[ABOUT THIS TASK] Write the records below out in full, character for character, with no pictures.

RECORDED DATA: Begin

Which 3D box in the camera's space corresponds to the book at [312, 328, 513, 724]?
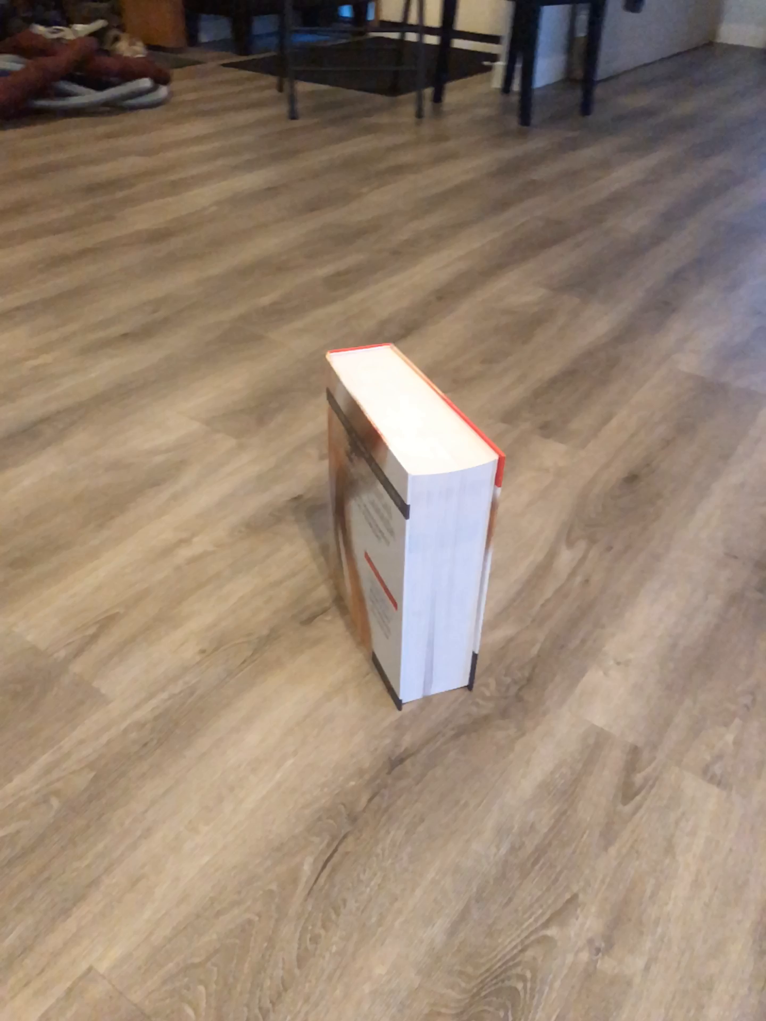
[{"bbox_3d":[0.014,0.011,0.825,0.087,0.290,0.241,-13,39,-18],"label":"book"}]
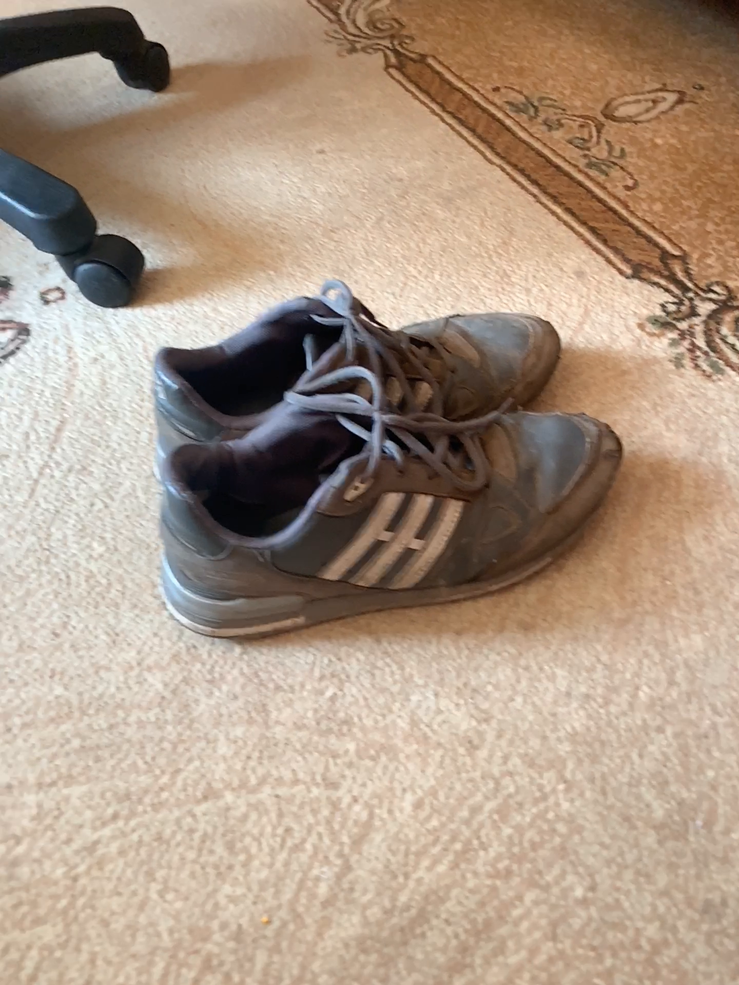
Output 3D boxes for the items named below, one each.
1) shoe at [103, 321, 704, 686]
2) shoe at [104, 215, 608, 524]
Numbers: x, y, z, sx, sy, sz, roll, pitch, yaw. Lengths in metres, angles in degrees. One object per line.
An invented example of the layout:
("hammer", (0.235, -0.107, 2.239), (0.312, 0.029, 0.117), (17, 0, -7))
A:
("shoe", (0.015, 0.003, 0.459), (0.313, 0.099, 0.117), (-13, 54, -7))
("shoe", (-0.012, -0.090, 0.536), (0.310, 0.099, 0.121), (-13, 54, -7))
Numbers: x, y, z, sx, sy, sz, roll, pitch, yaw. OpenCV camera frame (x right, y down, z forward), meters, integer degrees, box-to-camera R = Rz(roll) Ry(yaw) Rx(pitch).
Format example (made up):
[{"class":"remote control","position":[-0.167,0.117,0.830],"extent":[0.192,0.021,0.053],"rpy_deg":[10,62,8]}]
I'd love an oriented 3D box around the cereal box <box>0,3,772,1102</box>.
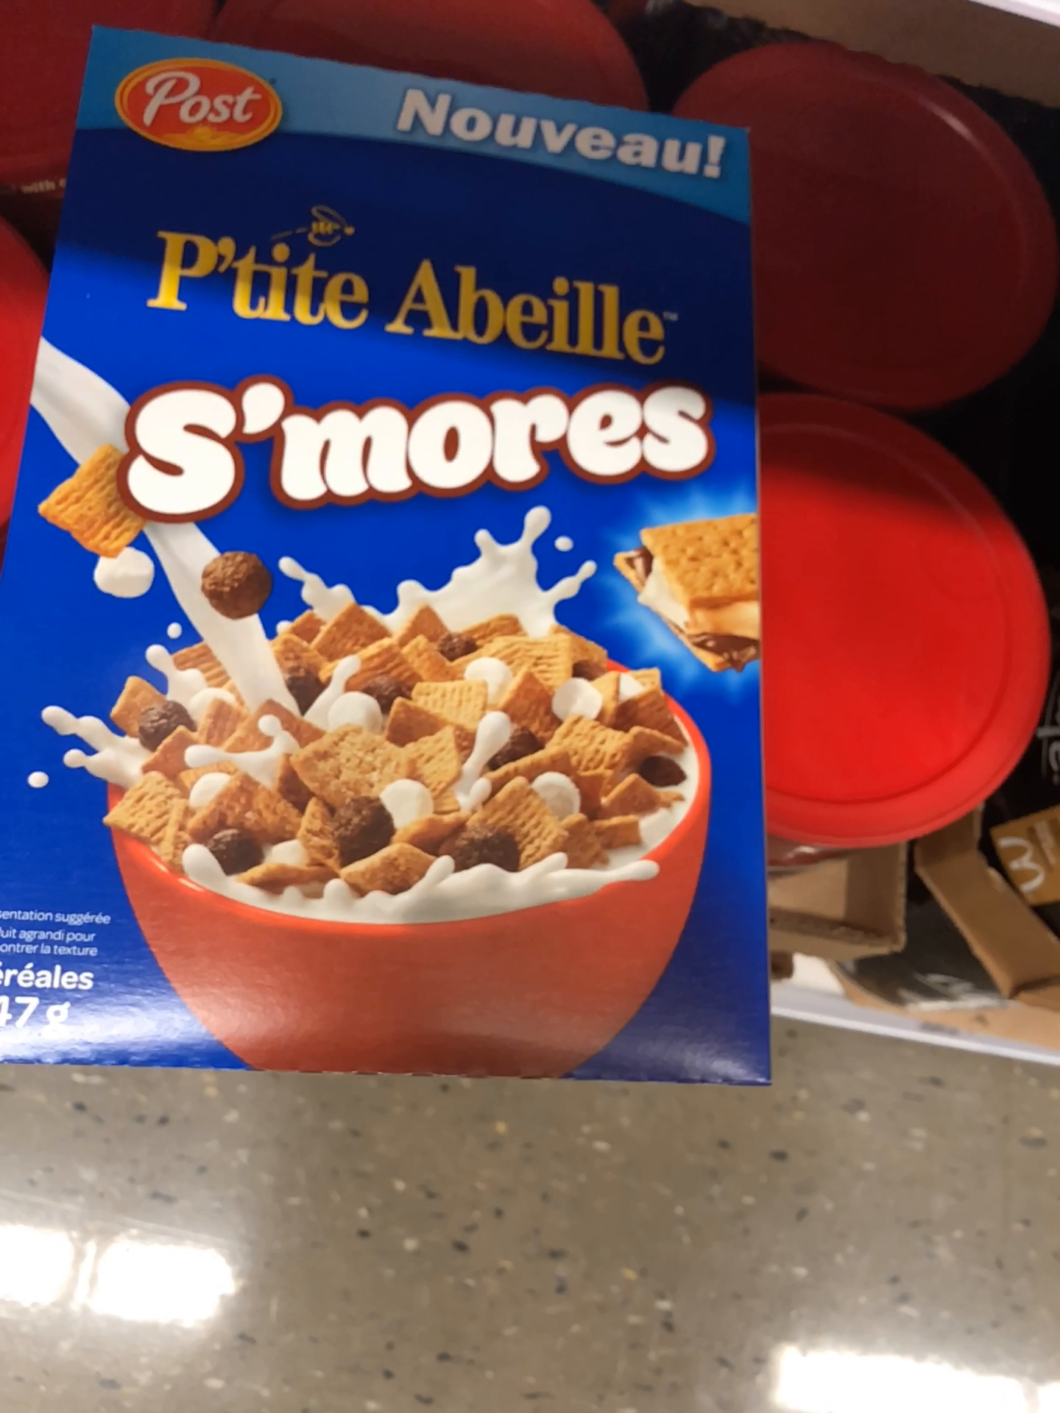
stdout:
[{"class":"cereal box","position":[-0.039,-0.044,0.340],"extent":[0.200,0.060,0.290],"rpy_deg":[5,74,-8]}]

RECORDED DATA: End

[REPLY TO THE EXERCISE]
Which 3D box in the camera's space corresponds to the book at [312, 328, 513, 724]?
[{"bbox_3d":[0.014,0.011,0.825,0.087,0.290,0.241,-13,39,-18],"label":"book"}]
Output 3D boxes for the items named below, one each.
1) shoe at [103, 321, 704, 686]
2) shoe at [104, 215, 608, 524]
Numbers: x, y, z, sx, sy, sz, roll, pitch, yaw. Lengths in metres, angles in degrees. One object per line.
An invented example of the layout:
("hammer", (0.235, -0.107, 2.239), (0.312, 0.029, 0.117), (17, 0, -7))
A:
("shoe", (0.015, 0.003, 0.459), (0.313, 0.099, 0.117), (-13, 54, -7))
("shoe", (-0.012, -0.090, 0.536), (0.310, 0.099, 0.121), (-13, 54, -7))
Numbers: x, y, z, sx, sy, sz, roll, pitch, yaw. OpenCV camera frame (x right, y down, z forward), meters, integer degrees, box-to-camera R = Rz(roll) Ry(yaw) Rx(pitch).
Format example (made up):
[{"class":"remote control","position":[-0.167,0.117,0.830],"extent":[0.192,0.021,0.053],"rpy_deg":[10,62,8]}]
I'd love an oriented 3D box around the cereal box <box>0,3,772,1102</box>.
stdout:
[{"class":"cereal box","position":[-0.039,-0.044,0.340],"extent":[0.200,0.060,0.290],"rpy_deg":[5,74,-8]}]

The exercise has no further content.